==== DATA FOR THIS EXERCISE ====

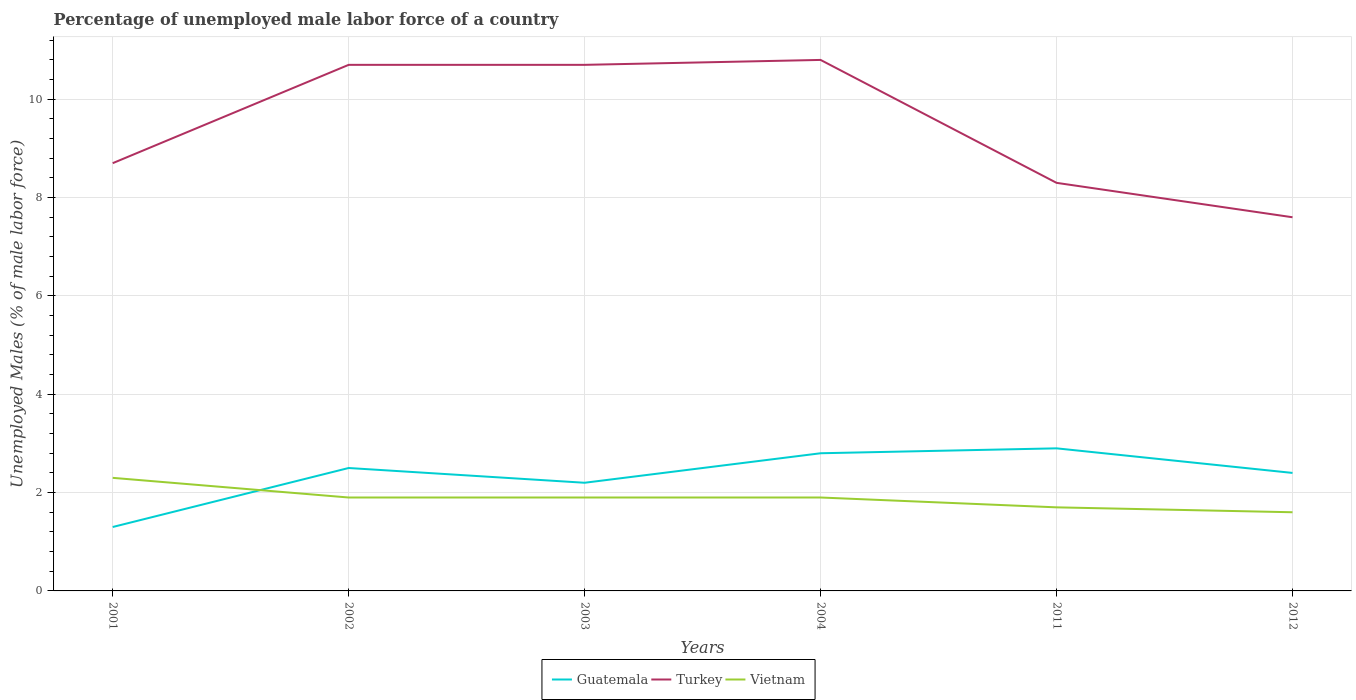How many different coloured lines are there?
Your answer should be compact. 3. Is the number of lines equal to the number of legend labels?
Your answer should be compact. Yes. Across all years, what is the maximum percentage of unemployed male labor force in Turkey?
Your answer should be very brief. 7.6. What is the total percentage of unemployed male labor force in Guatemala in the graph?
Offer a terse response. -0.1. What is the difference between the highest and the second highest percentage of unemployed male labor force in Vietnam?
Ensure brevity in your answer.  0.7. Is the percentage of unemployed male labor force in Guatemala strictly greater than the percentage of unemployed male labor force in Turkey over the years?
Give a very brief answer. Yes. How many lines are there?
Offer a very short reply. 3. What is the difference between two consecutive major ticks on the Y-axis?
Provide a short and direct response. 2. Are the values on the major ticks of Y-axis written in scientific E-notation?
Ensure brevity in your answer.  No. Does the graph contain any zero values?
Your answer should be compact. No. Does the graph contain grids?
Give a very brief answer. Yes. How many legend labels are there?
Keep it short and to the point. 3. How are the legend labels stacked?
Your answer should be very brief. Horizontal. What is the title of the graph?
Offer a very short reply. Percentage of unemployed male labor force of a country. Does "Qatar" appear as one of the legend labels in the graph?
Your answer should be compact. No. What is the label or title of the X-axis?
Your response must be concise. Years. What is the label or title of the Y-axis?
Keep it short and to the point. Unemployed Males (% of male labor force). What is the Unemployed Males (% of male labor force) of Guatemala in 2001?
Offer a terse response. 1.3. What is the Unemployed Males (% of male labor force) in Turkey in 2001?
Give a very brief answer. 8.7. What is the Unemployed Males (% of male labor force) of Vietnam in 2001?
Your response must be concise. 2.3. What is the Unemployed Males (% of male labor force) of Turkey in 2002?
Keep it short and to the point. 10.7. What is the Unemployed Males (% of male labor force) of Vietnam in 2002?
Keep it short and to the point. 1.9. What is the Unemployed Males (% of male labor force) of Guatemala in 2003?
Your response must be concise. 2.2. What is the Unemployed Males (% of male labor force) in Turkey in 2003?
Your response must be concise. 10.7. What is the Unemployed Males (% of male labor force) in Vietnam in 2003?
Give a very brief answer. 1.9. What is the Unemployed Males (% of male labor force) of Guatemala in 2004?
Provide a succinct answer. 2.8. What is the Unemployed Males (% of male labor force) of Turkey in 2004?
Make the answer very short. 10.8. What is the Unemployed Males (% of male labor force) of Vietnam in 2004?
Offer a terse response. 1.9. What is the Unemployed Males (% of male labor force) in Guatemala in 2011?
Provide a succinct answer. 2.9. What is the Unemployed Males (% of male labor force) of Turkey in 2011?
Your response must be concise. 8.3. What is the Unemployed Males (% of male labor force) in Vietnam in 2011?
Your answer should be compact. 1.7. What is the Unemployed Males (% of male labor force) of Guatemala in 2012?
Ensure brevity in your answer.  2.4. What is the Unemployed Males (% of male labor force) of Turkey in 2012?
Offer a very short reply. 7.6. What is the Unemployed Males (% of male labor force) in Vietnam in 2012?
Your response must be concise. 1.6. Across all years, what is the maximum Unemployed Males (% of male labor force) of Guatemala?
Your response must be concise. 2.9. Across all years, what is the maximum Unemployed Males (% of male labor force) of Turkey?
Your answer should be very brief. 10.8. Across all years, what is the maximum Unemployed Males (% of male labor force) of Vietnam?
Your answer should be compact. 2.3. Across all years, what is the minimum Unemployed Males (% of male labor force) in Guatemala?
Offer a very short reply. 1.3. Across all years, what is the minimum Unemployed Males (% of male labor force) in Turkey?
Your response must be concise. 7.6. Across all years, what is the minimum Unemployed Males (% of male labor force) of Vietnam?
Provide a succinct answer. 1.6. What is the total Unemployed Males (% of male labor force) in Turkey in the graph?
Offer a very short reply. 56.8. What is the difference between the Unemployed Males (% of male labor force) of Turkey in 2001 and that in 2002?
Make the answer very short. -2. What is the difference between the Unemployed Males (% of male labor force) in Vietnam in 2001 and that in 2003?
Provide a succinct answer. 0.4. What is the difference between the Unemployed Males (% of male labor force) of Turkey in 2001 and that in 2004?
Your answer should be compact. -2.1. What is the difference between the Unemployed Males (% of male labor force) of Turkey in 2001 and that in 2011?
Your answer should be very brief. 0.4. What is the difference between the Unemployed Males (% of male labor force) in Turkey in 2001 and that in 2012?
Your response must be concise. 1.1. What is the difference between the Unemployed Males (% of male labor force) of Guatemala in 2002 and that in 2003?
Your answer should be very brief. 0.3. What is the difference between the Unemployed Males (% of male labor force) of Turkey in 2002 and that in 2003?
Your answer should be compact. 0. What is the difference between the Unemployed Males (% of male labor force) of Guatemala in 2002 and that in 2004?
Provide a succinct answer. -0.3. What is the difference between the Unemployed Males (% of male labor force) in Vietnam in 2002 and that in 2004?
Offer a terse response. 0. What is the difference between the Unemployed Males (% of male labor force) of Turkey in 2002 and that in 2011?
Offer a terse response. 2.4. What is the difference between the Unemployed Males (% of male labor force) of Vietnam in 2002 and that in 2011?
Your answer should be compact. 0.2. What is the difference between the Unemployed Males (% of male labor force) in Turkey in 2002 and that in 2012?
Ensure brevity in your answer.  3.1. What is the difference between the Unemployed Males (% of male labor force) of Vietnam in 2002 and that in 2012?
Make the answer very short. 0.3. What is the difference between the Unemployed Males (% of male labor force) in Guatemala in 2003 and that in 2004?
Ensure brevity in your answer.  -0.6. What is the difference between the Unemployed Males (% of male labor force) of Turkey in 2003 and that in 2004?
Your response must be concise. -0.1. What is the difference between the Unemployed Males (% of male labor force) of Vietnam in 2003 and that in 2004?
Offer a very short reply. 0. What is the difference between the Unemployed Males (% of male labor force) in Guatemala in 2003 and that in 2011?
Your answer should be compact. -0.7. What is the difference between the Unemployed Males (% of male labor force) in Vietnam in 2003 and that in 2011?
Keep it short and to the point. 0.2. What is the difference between the Unemployed Males (% of male labor force) in Guatemala in 2003 and that in 2012?
Make the answer very short. -0.2. What is the difference between the Unemployed Males (% of male labor force) of Turkey in 2003 and that in 2012?
Provide a short and direct response. 3.1. What is the difference between the Unemployed Males (% of male labor force) in Vietnam in 2003 and that in 2012?
Provide a succinct answer. 0.3. What is the difference between the Unemployed Males (% of male labor force) in Guatemala in 2004 and that in 2011?
Ensure brevity in your answer.  -0.1. What is the difference between the Unemployed Males (% of male labor force) in Turkey in 2004 and that in 2011?
Offer a very short reply. 2.5. What is the difference between the Unemployed Males (% of male labor force) of Guatemala in 2004 and that in 2012?
Provide a succinct answer. 0.4. What is the difference between the Unemployed Males (% of male labor force) in Turkey in 2004 and that in 2012?
Your answer should be very brief. 3.2. What is the difference between the Unemployed Males (% of male labor force) in Vietnam in 2004 and that in 2012?
Your response must be concise. 0.3. What is the difference between the Unemployed Males (% of male labor force) of Vietnam in 2011 and that in 2012?
Give a very brief answer. 0.1. What is the difference between the Unemployed Males (% of male labor force) in Guatemala in 2001 and the Unemployed Males (% of male labor force) in Turkey in 2002?
Keep it short and to the point. -9.4. What is the difference between the Unemployed Males (% of male labor force) of Turkey in 2001 and the Unemployed Males (% of male labor force) of Vietnam in 2002?
Provide a short and direct response. 6.8. What is the difference between the Unemployed Males (% of male labor force) of Guatemala in 2001 and the Unemployed Males (% of male labor force) of Turkey in 2003?
Offer a very short reply. -9.4. What is the difference between the Unemployed Males (% of male labor force) of Guatemala in 2001 and the Unemployed Males (% of male labor force) of Vietnam in 2003?
Ensure brevity in your answer.  -0.6. What is the difference between the Unemployed Males (% of male labor force) in Turkey in 2001 and the Unemployed Males (% of male labor force) in Vietnam in 2003?
Make the answer very short. 6.8. What is the difference between the Unemployed Males (% of male labor force) of Guatemala in 2001 and the Unemployed Males (% of male labor force) of Turkey in 2011?
Offer a terse response. -7. What is the difference between the Unemployed Males (% of male labor force) in Guatemala in 2001 and the Unemployed Males (% of male labor force) in Vietnam in 2011?
Ensure brevity in your answer.  -0.4. What is the difference between the Unemployed Males (% of male labor force) of Turkey in 2001 and the Unemployed Males (% of male labor force) of Vietnam in 2011?
Provide a succinct answer. 7. What is the difference between the Unemployed Males (% of male labor force) of Guatemala in 2001 and the Unemployed Males (% of male labor force) of Vietnam in 2012?
Ensure brevity in your answer.  -0.3. What is the difference between the Unemployed Males (% of male labor force) of Turkey in 2002 and the Unemployed Males (% of male labor force) of Vietnam in 2003?
Give a very brief answer. 8.8. What is the difference between the Unemployed Males (% of male labor force) in Guatemala in 2002 and the Unemployed Males (% of male labor force) in Vietnam in 2004?
Your response must be concise. 0.6. What is the difference between the Unemployed Males (% of male labor force) in Turkey in 2002 and the Unemployed Males (% of male labor force) in Vietnam in 2004?
Your answer should be compact. 8.8. What is the difference between the Unemployed Males (% of male labor force) of Guatemala in 2002 and the Unemployed Males (% of male labor force) of Turkey in 2011?
Your response must be concise. -5.8. What is the difference between the Unemployed Males (% of male labor force) of Guatemala in 2002 and the Unemployed Males (% of male labor force) of Vietnam in 2011?
Give a very brief answer. 0.8. What is the difference between the Unemployed Males (% of male labor force) in Guatemala in 2002 and the Unemployed Males (% of male labor force) in Turkey in 2012?
Give a very brief answer. -5.1. What is the difference between the Unemployed Males (% of male labor force) of Guatemala in 2003 and the Unemployed Males (% of male labor force) of Turkey in 2004?
Offer a very short reply. -8.6. What is the difference between the Unemployed Males (% of male labor force) in Turkey in 2003 and the Unemployed Males (% of male labor force) in Vietnam in 2011?
Your answer should be compact. 9. What is the difference between the Unemployed Males (% of male labor force) in Guatemala in 2003 and the Unemployed Males (% of male labor force) in Turkey in 2012?
Your answer should be compact. -5.4. What is the difference between the Unemployed Males (% of male labor force) in Turkey in 2003 and the Unemployed Males (% of male labor force) in Vietnam in 2012?
Give a very brief answer. 9.1. What is the difference between the Unemployed Males (% of male labor force) in Guatemala in 2004 and the Unemployed Males (% of male labor force) in Turkey in 2011?
Your response must be concise. -5.5. What is the difference between the Unemployed Males (% of male labor force) of Turkey in 2004 and the Unemployed Males (% of male labor force) of Vietnam in 2012?
Offer a very short reply. 9.2. What is the difference between the Unemployed Males (% of male labor force) of Guatemala in 2011 and the Unemployed Males (% of male labor force) of Turkey in 2012?
Offer a very short reply. -4.7. What is the difference between the Unemployed Males (% of male labor force) of Guatemala in 2011 and the Unemployed Males (% of male labor force) of Vietnam in 2012?
Your response must be concise. 1.3. What is the difference between the Unemployed Males (% of male labor force) of Turkey in 2011 and the Unemployed Males (% of male labor force) of Vietnam in 2012?
Keep it short and to the point. 6.7. What is the average Unemployed Males (% of male labor force) in Guatemala per year?
Offer a terse response. 2.35. What is the average Unemployed Males (% of male labor force) of Turkey per year?
Your response must be concise. 9.47. What is the average Unemployed Males (% of male labor force) of Vietnam per year?
Keep it short and to the point. 1.88. In the year 2001, what is the difference between the Unemployed Males (% of male labor force) in Guatemala and Unemployed Males (% of male labor force) in Turkey?
Make the answer very short. -7.4. In the year 2002, what is the difference between the Unemployed Males (% of male labor force) in Turkey and Unemployed Males (% of male labor force) in Vietnam?
Offer a very short reply. 8.8. In the year 2003, what is the difference between the Unemployed Males (% of male labor force) in Guatemala and Unemployed Males (% of male labor force) in Vietnam?
Keep it short and to the point. 0.3. In the year 2004, what is the difference between the Unemployed Males (% of male labor force) in Guatemala and Unemployed Males (% of male labor force) in Turkey?
Provide a short and direct response. -8. In the year 2004, what is the difference between the Unemployed Males (% of male labor force) in Guatemala and Unemployed Males (% of male labor force) in Vietnam?
Your answer should be very brief. 0.9. In the year 2011, what is the difference between the Unemployed Males (% of male labor force) in Turkey and Unemployed Males (% of male labor force) in Vietnam?
Your answer should be compact. 6.6. In the year 2012, what is the difference between the Unemployed Males (% of male labor force) in Guatemala and Unemployed Males (% of male labor force) in Turkey?
Offer a very short reply. -5.2. What is the ratio of the Unemployed Males (% of male labor force) of Guatemala in 2001 to that in 2002?
Provide a succinct answer. 0.52. What is the ratio of the Unemployed Males (% of male labor force) in Turkey in 2001 to that in 2002?
Offer a very short reply. 0.81. What is the ratio of the Unemployed Males (% of male labor force) of Vietnam in 2001 to that in 2002?
Offer a very short reply. 1.21. What is the ratio of the Unemployed Males (% of male labor force) in Guatemala in 2001 to that in 2003?
Your response must be concise. 0.59. What is the ratio of the Unemployed Males (% of male labor force) of Turkey in 2001 to that in 2003?
Your answer should be very brief. 0.81. What is the ratio of the Unemployed Males (% of male labor force) in Vietnam in 2001 to that in 2003?
Give a very brief answer. 1.21. What is the ratio of the Unemployed Males (% of male labor force) of Guatemala in 2001 to that in 2004?
Give a very brief answer. 0.46. What is the ratio of the Unemployed Males (% of male labor force) in Turkey in 2001 to that in 2004?
Your answer should be very brief. 0.81. What is the ratio of the Unemployed Males (% of male labor force) of Vietnam in 2001 to that in 2004?
Your response must be concise. 1.21. What is the ratio of the Unemployed Males (% of male labor force) of Guatemala in 2001 to that in 2011?
Keep it short and to the point. 0.45. What is the ratio of the Unemployed Males (% of male labor force) of Turkey in 2001 to that in 2011?
Your answer should be very brief. 1.05. What is the ratio of the Unemployed Males (% of male labor force) of Vietnam in 2001 to that in 2011?
Give a very brief answer. 1.35. What is the ratio of the Unemployed Males (% of male labor force) of Guatemala in 2001 to that in 2012?
Offer a terse response. 0.54. What is the ratio of the Unemployed Males (% of male labor force) in Turkey in 2001 to that in 2012?
Give a very brief answer. 1.14. What is the ratio of the Unemployed Males (% of male labor force) in Vietnam in 2001 to that in 2012?
Ensure brevity in your answer.  1.44. What is the ratio of the Unemployed Males (% of male labor force) in Guatemala in 2002 to that in 2003?
Give a very brief answer. 1.14. What is the ratio of the Unemployed Males (% of male labor force) in Guatemala in 2002 to that in 2004?
Provide a short and direct response. 0.89. What is the ratio of the Unemployed Males (% of male labor force) in Turkey in 2002 to that in 2004?
Provide a short and direct response. 0.99. What is the ratio of the Unemployed Males (% of male labor force) in Guatemala in 2002 to that in 2011?
Keep it short and to the point. 0.86. What is the ratio of the Unemployed Males (% of male labor force) in Turkey in 2002 to that in 2011?
Make the answer very short. 1.29. What is the ratio of the Unemployed Males (% of male labor force) in Vietnam in 2002 to that in 2011?
Your answer should be very brief. 1.12. What is the ratio of the Unemployed Males (% of male labor force) in Guatemala in 2002 to that in 2012?
Ensure brevity in your answer.  1.04. What is the ratio of the Unemployed Males (% of male labor force) of Turkey in 2002 to that in 2012?
Your answer should be very brief. 1.41. What is the ratio of the Unemployed Males (% of male labor force) of Vietnam in 2002 to that in 2012?
Offer a terse response. 1.19. What is the ratio of the Unemployed Males (% of male labor force) of Guatemala in 2003 to that in 2004?
Provide a succinct answer. 0.79. What is the ratio of the Unemployed Males (% of male labor force) of Guatemala in 2003 to that in 2011?
Provide a succinct answer. 0.76. What is the ratio of the Unemployed Males (% of male labor force) of Turkey in 2003 to that in 2011?
Your response must be concise. 1.29. What is the ratio of the Unemployed Males (% of male labor force) of Vietnam in 2003 to that in 2011?
Offer a terse response. 1.12. What is the ratio of the Unemployed Males (% of male labor force) of Guatemala in 2003 to that in 2012?
Ensure brevity in your answer.  0.92. What is the ratio of the Unemployed Males (% of male labor force) of Turkey in 2003 to that in 2012?
Your answer should be compact. 1.41. What is the ratio of the Unemployed Males (% of male labor force) of Vietnam in 2003 to that in 2012?
Your answer should be compact. 1.19. What is the ratio of the Unemployed Males (% of male labor force) in Guatemala in 2004 to that in 2011?
Ensure brevity in your answer.  0.97. What is the ratio of the Unemployed Males (% of male labor force) of Turkey in 2004 to that in 2011?
Offer a very short reply. 1.3. What is the ratio of the Unemployed Males (% of male labor force) of Vietnam in 2004 to that in 2011?
Offer a very short reply. 1.12. What is the ratio of the Unemployed Males (% of male labor force) of Guatemala in 2004 to that in 2012?
Provide a succinct answer. 1.17. What is the ratio of the Unemployed Males (% of male labor force) in Turkey in 2004 to that in 2012?
Offer a terse response. 1.42. What is the ratio of the Unemployed Males (% of male labor force) in Vietnam in 2004 to that in 2012?
Your answer should be compact. 1.19. What is the ratio of the Unemployed Males (% of male labor force) of Guatemala in 2011 to that in 2012?
Your answer should be very brief. 1.21. What is the ratio of the Unemployed Males (% of male labor force) of Turkey in 2011 to that in 2012?
Your answer should be compact. 1.09. What is the difference between the highest and the second highest Unemployed Males (% of male labor force) in Turkey?
Your answer should be very brief. 0.1. What is the difference between the highest and the second highest Unemployed Males (% of male labor force) of Vietnam?
Make the answer very short. 0.4.

====

■ **TASK STATEMENT**:
Return each line from the records that includes the word "Does".

■ **TASK RESPONSE**:
Ensure brevity in your answer.  No. Does the graph contain any zero values?
Your answer should be compact. No. Does the graph contain grids?
Offer a very short reply. Percentage of unemployed male labor force of a country. Does "Qatar" appear as one of the legend labels in the graph?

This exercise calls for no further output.